Impact
Alex Lustig transforms rap beats into ambient soundscapes and is making an Impact
The Juno nominated producer is breaking into his own identity
At only 23-years old and with a SoundCloud page barely a year old, Alex Lustig has already received the honor of a Juno nomination - the Canadian equivalent of a Grammy.
The Antwerp, Belgium-based producer is a rising star on the hip-hop circuit, working with major modern day stalwarts of the genre like Machine Gun Kelly, Young Thug, Hoodie Allen, Skeme and more. After years of perfecting his sound in the rap realm and sitting on catalogue's worth of production material playing on an entirely different spectrum of electronic music, Alex Lustig decided to launch his own solo career, blasting off with a viral single called 'Light'.
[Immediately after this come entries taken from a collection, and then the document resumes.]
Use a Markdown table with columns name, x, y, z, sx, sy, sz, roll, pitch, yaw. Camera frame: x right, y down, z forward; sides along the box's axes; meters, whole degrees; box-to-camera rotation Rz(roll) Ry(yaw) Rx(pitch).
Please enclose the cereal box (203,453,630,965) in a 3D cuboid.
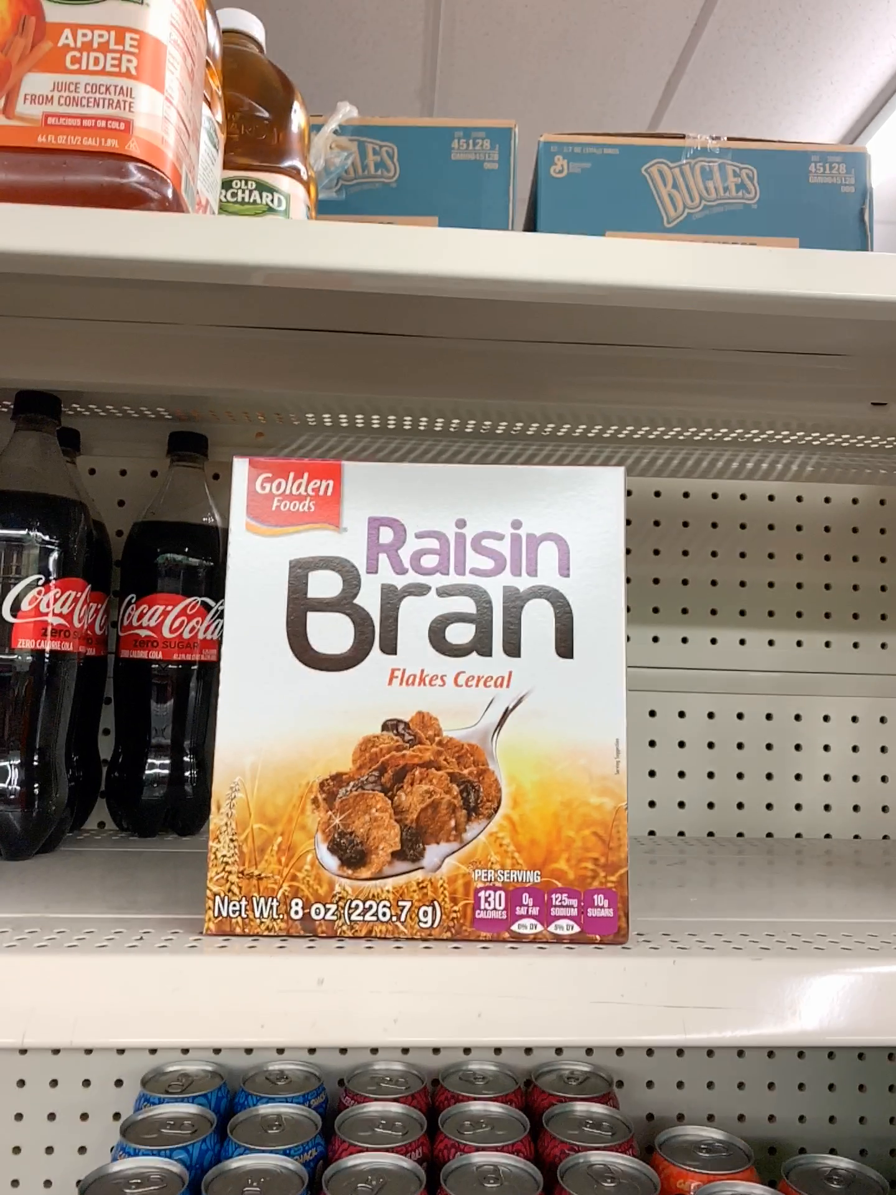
| name | x | y | z | sx | sy | sz | roll | pitch | yaw |
| --- | --- | --- | --- | --- | --- | --- | --- | --- | --- |
| cereal box | -0.011 | 0.050 | 0.451 | 0.190 | 0.230 | 0.050 | 1 | -9 | 0 |
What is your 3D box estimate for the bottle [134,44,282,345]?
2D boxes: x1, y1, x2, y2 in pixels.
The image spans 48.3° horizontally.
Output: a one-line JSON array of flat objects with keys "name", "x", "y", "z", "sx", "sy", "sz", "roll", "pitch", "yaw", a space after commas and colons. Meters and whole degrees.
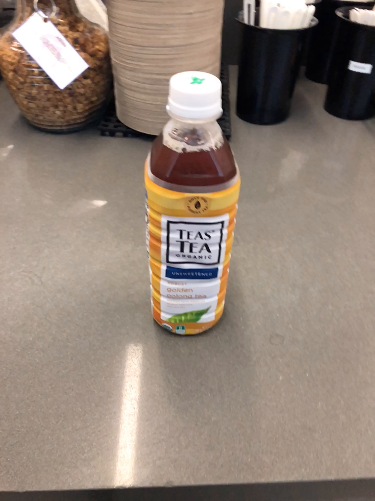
[{"name": "bottle", "x": 0.005, "y": -0.025, "z": 0.290, "sx": 0.070, "sy": 0.199, "sz": 0.070, "roll": 1, "pitch": 42, "yaw": -1}]
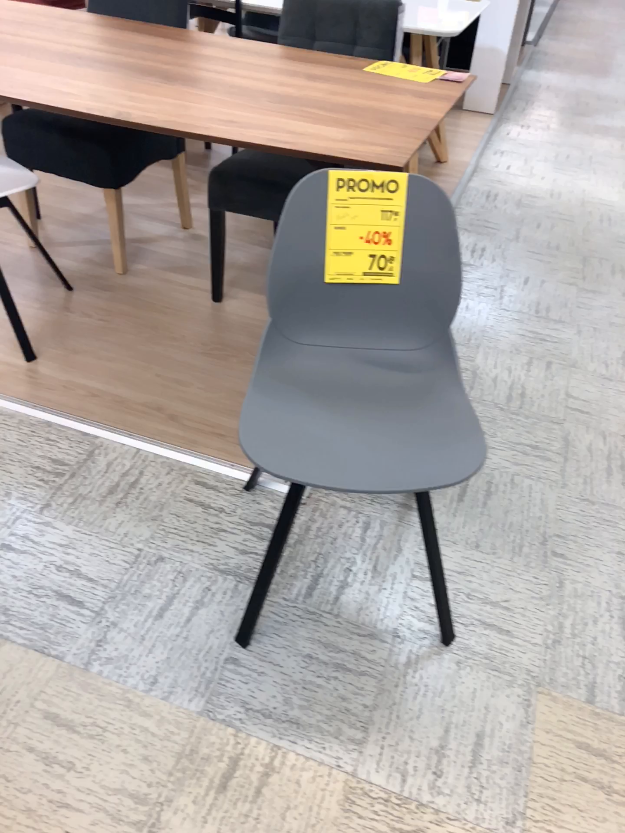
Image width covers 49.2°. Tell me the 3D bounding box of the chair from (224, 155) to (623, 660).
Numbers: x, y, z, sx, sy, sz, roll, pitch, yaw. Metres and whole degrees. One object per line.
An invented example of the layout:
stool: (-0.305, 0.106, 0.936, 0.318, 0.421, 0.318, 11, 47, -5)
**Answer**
chair: (0.101, -0.011, 1.316, 0.510, 0.755, 0.583, 0, 39, -6)
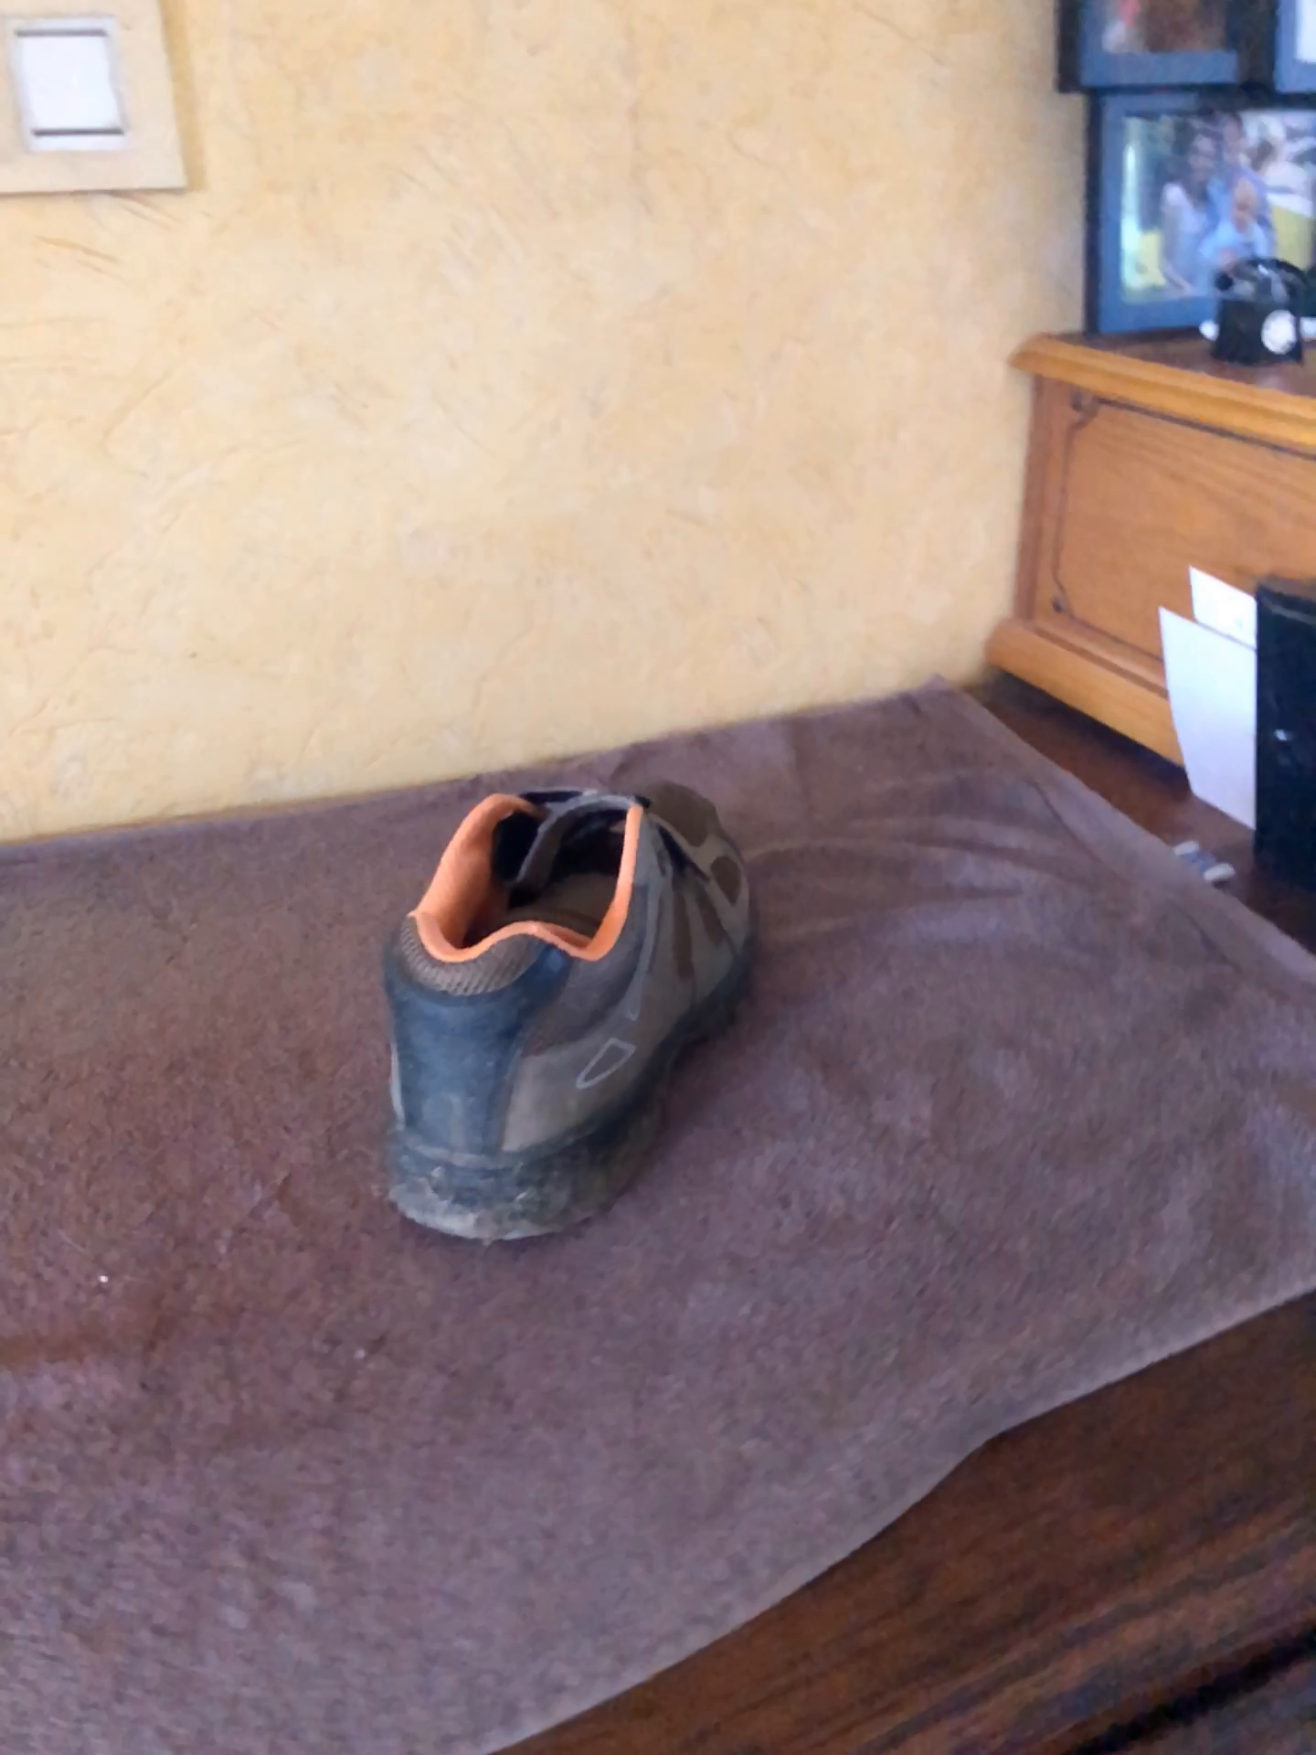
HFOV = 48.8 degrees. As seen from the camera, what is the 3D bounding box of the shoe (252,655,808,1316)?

Big things are on the horizon for the up-and-coming producer in his own right, but there's also plenty to get to know about his already prolific career navigating the hip-hop realm.
Get into an exclusive Q+A and diverse mix, below.
Was music a big part of your childhood?
When I was about 8, my mom bought a piano out of nowhere. She started saying, “Alex, you should start playing,” and she found a teacher for me and I started getting into it. Then, I started not doing so well in school but she said I could make up for doing poorly in school by playing three hours of piano, everyday. I couldn’t even skip one day.
Then when I was 15 or 16, I started going to school even less and my mom said that was only okay if I did five hours a day of piano and eventually, she brought me to the Conservatorium in Belgium to learn classical music. Then when I was 18, I ended up going to London where my sister was studying to study music production, but I never went to the classes because I hated being taught. I went to Montreal for a year when I was 19. I was going to study at university there, went for a day and then I said “fuck it,” it wasn’t for me and I decided that day to go 100 per cent into music.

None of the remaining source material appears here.